Batteries - increasingly we cannot live without them. We use batteries in more devices than ever before, especially as the trend to make a mobile version of everything continues its relentless advance. However, the investigation and events surrounding the battery fires for the Chevy Volt is yet another reminder that every engineering decision involves tradeoffs. In this case, damaged batteries, especially large ones, can cause fires. However, this is not the first time we have seen damaged battery related issues – remember the exploding cell phone batteries from a few years ago? Well that problem has not been completely licked as there are still reports of exploding cell phones even today (in Brazil).

These incidents remind me of when I worked on a battery charger and controller system for an aircraft. We put a large amount of effort into ensuring that the fifty plus pound battery could not and would not explode no matter what type of failures it might endure. We had to develop a range of algorithms to constantly monitor each cell of the battery and appropriately respond if anything improper started to occur with any of them. One additional constraint on our responses though was that the battery had to deliver power when it was demanded by the system despite parts of the battery being damaged or failing.

Even though keeping the battery operating as well as it can under all conditions represents an extreme operating condition, I do not believe it is all that extreme a condition when you realize that automobiles and possibly even cell phones sometimes demand similar levels of operation. I recall discussing the exploding batteries a number of years ago, and one comment was that the exploding batteries was a system level design concern rather than just a battery manufacturing issue – in most of the exploding phones cases at that time, the explosions were the consequence of improperly charging the battery at an earlier time.
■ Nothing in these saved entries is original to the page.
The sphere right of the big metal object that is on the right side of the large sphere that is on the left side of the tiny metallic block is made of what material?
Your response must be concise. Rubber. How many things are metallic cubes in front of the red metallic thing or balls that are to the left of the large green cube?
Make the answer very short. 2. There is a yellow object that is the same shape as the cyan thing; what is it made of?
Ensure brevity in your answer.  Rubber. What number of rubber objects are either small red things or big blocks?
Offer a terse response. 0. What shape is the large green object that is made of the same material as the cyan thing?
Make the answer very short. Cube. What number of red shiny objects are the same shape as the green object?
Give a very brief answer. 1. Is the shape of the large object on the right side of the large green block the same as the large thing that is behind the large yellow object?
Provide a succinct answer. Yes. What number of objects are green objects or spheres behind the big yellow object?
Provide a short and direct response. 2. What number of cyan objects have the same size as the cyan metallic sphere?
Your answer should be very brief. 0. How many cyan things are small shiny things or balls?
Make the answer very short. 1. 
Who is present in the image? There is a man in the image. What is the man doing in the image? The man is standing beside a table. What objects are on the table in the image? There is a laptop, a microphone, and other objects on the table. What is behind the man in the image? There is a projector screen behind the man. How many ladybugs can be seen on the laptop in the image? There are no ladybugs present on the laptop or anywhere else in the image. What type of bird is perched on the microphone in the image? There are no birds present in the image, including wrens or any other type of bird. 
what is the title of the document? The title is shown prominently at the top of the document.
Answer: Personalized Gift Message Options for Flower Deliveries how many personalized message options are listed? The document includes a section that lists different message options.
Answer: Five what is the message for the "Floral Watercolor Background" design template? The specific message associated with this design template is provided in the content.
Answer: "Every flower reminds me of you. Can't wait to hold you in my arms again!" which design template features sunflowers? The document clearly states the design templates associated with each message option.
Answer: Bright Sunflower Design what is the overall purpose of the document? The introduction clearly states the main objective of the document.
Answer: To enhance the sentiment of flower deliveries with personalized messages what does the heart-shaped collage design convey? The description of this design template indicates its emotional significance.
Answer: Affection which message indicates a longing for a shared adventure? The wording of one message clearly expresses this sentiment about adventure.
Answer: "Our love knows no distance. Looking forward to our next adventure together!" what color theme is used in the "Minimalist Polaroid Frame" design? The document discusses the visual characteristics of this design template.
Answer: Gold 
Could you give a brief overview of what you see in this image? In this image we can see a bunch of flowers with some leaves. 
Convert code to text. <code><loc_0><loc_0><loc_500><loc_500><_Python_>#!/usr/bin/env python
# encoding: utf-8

Adding intelligence to the battery to reject a charging load that was out of some specification was a system-level method of minimizing the opportunity to damage the batteries via improper charging.

Given the wide range of applications that batteries are finding use in, what design guidelines do you think embedded systems should follow to provide the safest operation of batteries despite the innumerable ways that they can be damaged or fail? Is disabling the system appropriate?

Food for thought on disabling the system is how CFL (compact fluorescent lights) handle end-of-life conditions for the bulbs when too much of the mercury has migrated to the other end of the lighting tube – they purposefully burn out a fuse so that the controller board is unusable. While this simple approach avoids operating a CFL beyond its safe range, it has caused much concern among the user population as more and more people are scared by the burning components in their lamp.

How should embedded systems handle battery failures? Is there a one size fits all approach or even a tiered approach to handling different types of failures so that users can confidently use their devices without fear of explosions and fire while knowing when there is a problem with the battery system and getting it fixed before it becomes a major problem?